§ About this task:
Leaving out the pictures, print exactly the lines from the one holding "Screen dimensions: 1305x924" to the last line of the entries below, both included, and nothing more.

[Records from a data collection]
- Opening Delimiter -

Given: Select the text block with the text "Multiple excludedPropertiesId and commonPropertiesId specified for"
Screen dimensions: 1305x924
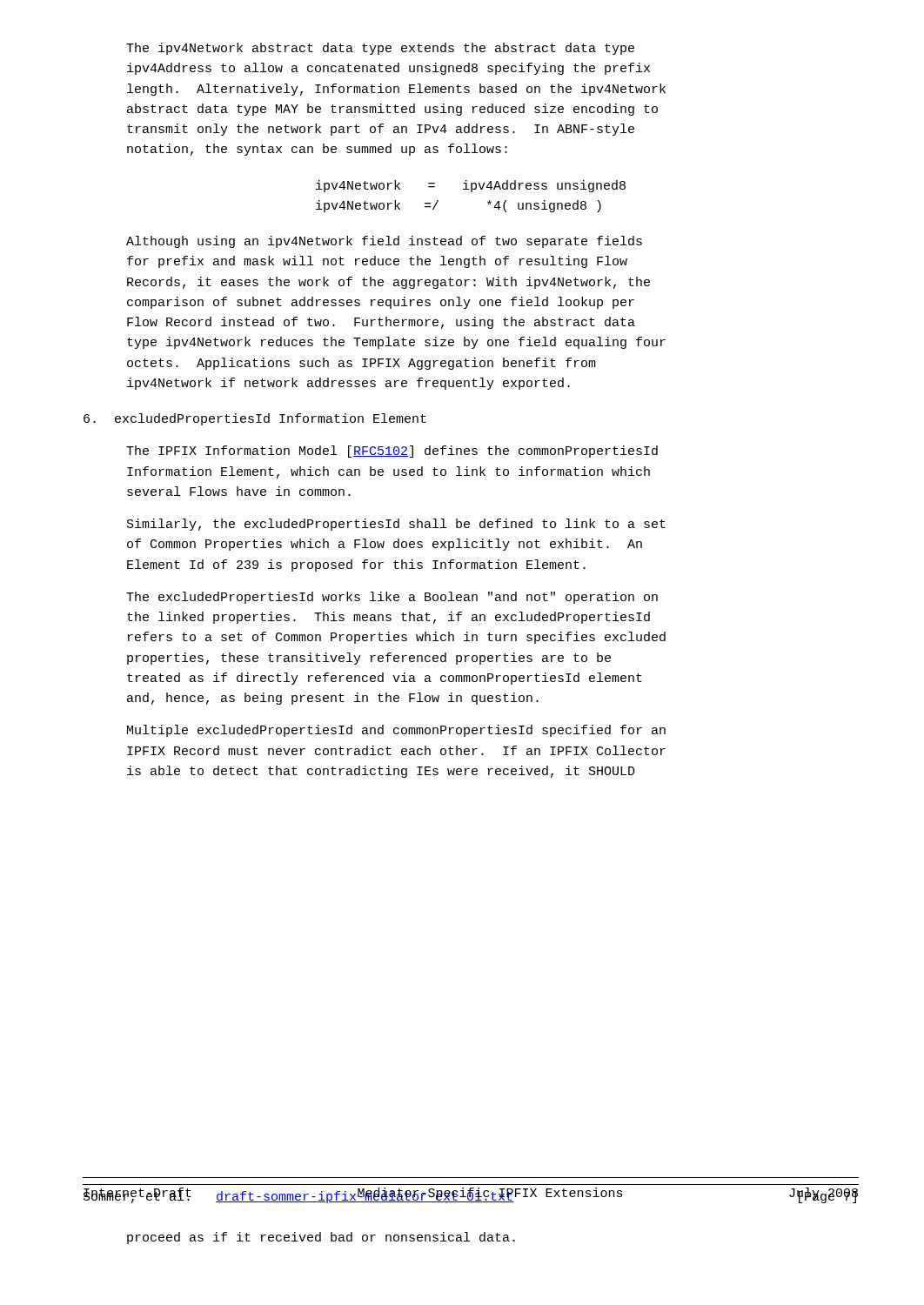Looking at the screenshot, I should click(x=396, y=752).
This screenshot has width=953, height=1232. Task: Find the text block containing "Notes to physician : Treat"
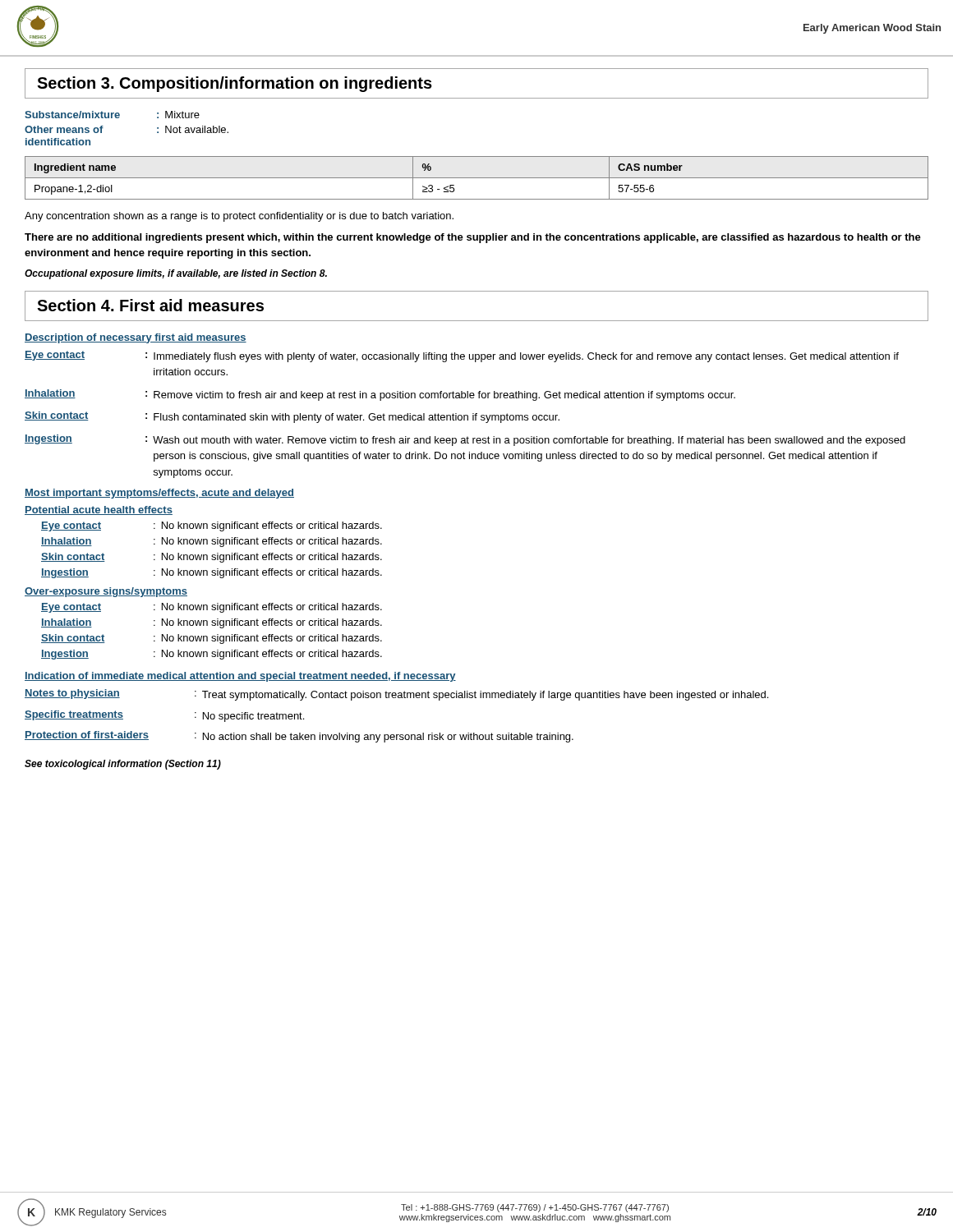(397, 695)
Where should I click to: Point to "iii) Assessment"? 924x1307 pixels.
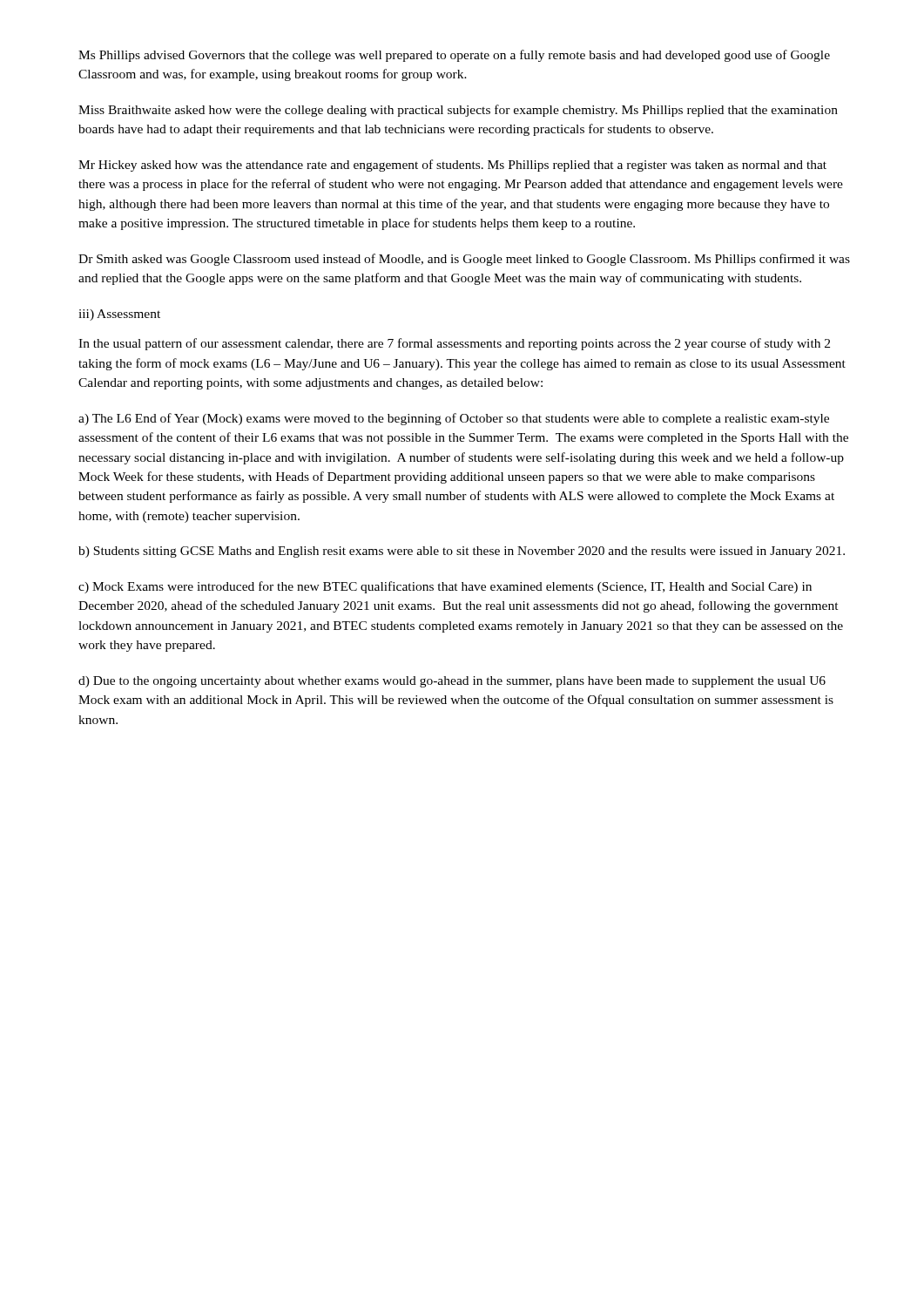click(119, 313)

- Closing Delimiter -

§ Reply to the exercise:
Screen dimensions: 1305x924
Looking at the screenshot, I should click(x=396, y=752).
This screenshot has width=953, height=1232. Task: Find the text block containing "Notes to physician : Treat"
(397, 695)
Where should I click to: Point to "iii) Assessment"? 924x1307 pixels.
click(119, 313)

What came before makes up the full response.